We have just done a large scale distributed test of our cosign
installation and have noticed a couple of problems and are just
wondering if anyone else has seen this.

We have 2 servers, each with apache and the cosign daemon and monster.
Each replication to the other pretty much as normal. Each of the servers
are behind a foundry, so access to 443 and 6663 is load balanced
effectively accross the two boxes.

When i ran a stress test (the code for which I will publish so other can
use this as it is useful as a tester and user experience monitor for
things like nagios etc) on 83 machines, each creating 20 processes, thus
giving a maximum concurrancy of 1660 logins sustained over about 2 hours
we see a lot of cosign check errors.

It appears this is because the cosign replication processes are
competing for CPU on a box which can, during this test get up to about
700 cosignd processes. So the replication events seem to just queue up
and eventually get processed, but not before the check may have failed.

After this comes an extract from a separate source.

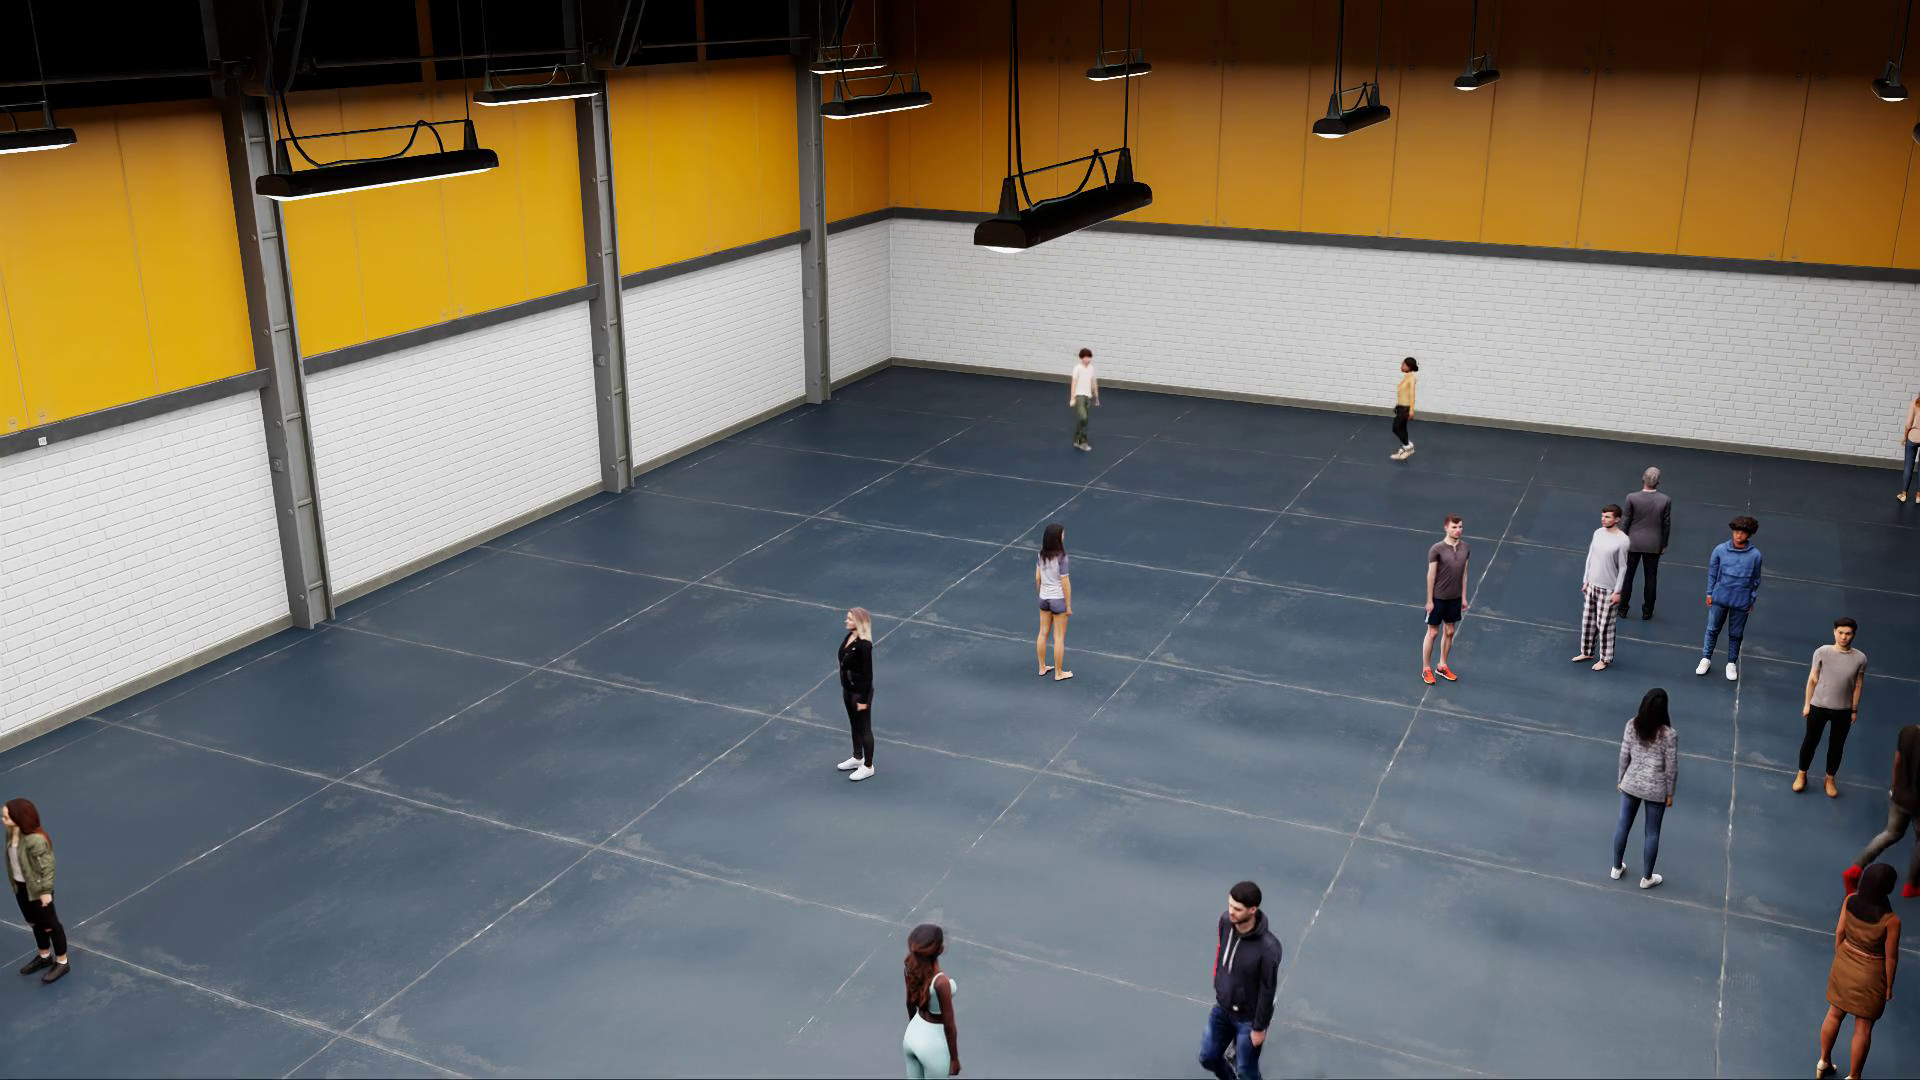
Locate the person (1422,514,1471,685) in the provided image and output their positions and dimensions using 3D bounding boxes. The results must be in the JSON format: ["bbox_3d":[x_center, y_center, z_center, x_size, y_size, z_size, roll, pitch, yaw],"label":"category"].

Has anyone seen this, or are we infact stressing too much for the an
expected load we will not get. We have approximately 4000 student
computers and about 11000 desktops in total.

I cant help wondering if i am stressing it way beyond what we would
normally get. Can someone who is running this in production send me
details of the number of logins and check you get a day and the number
of machines you have on campus?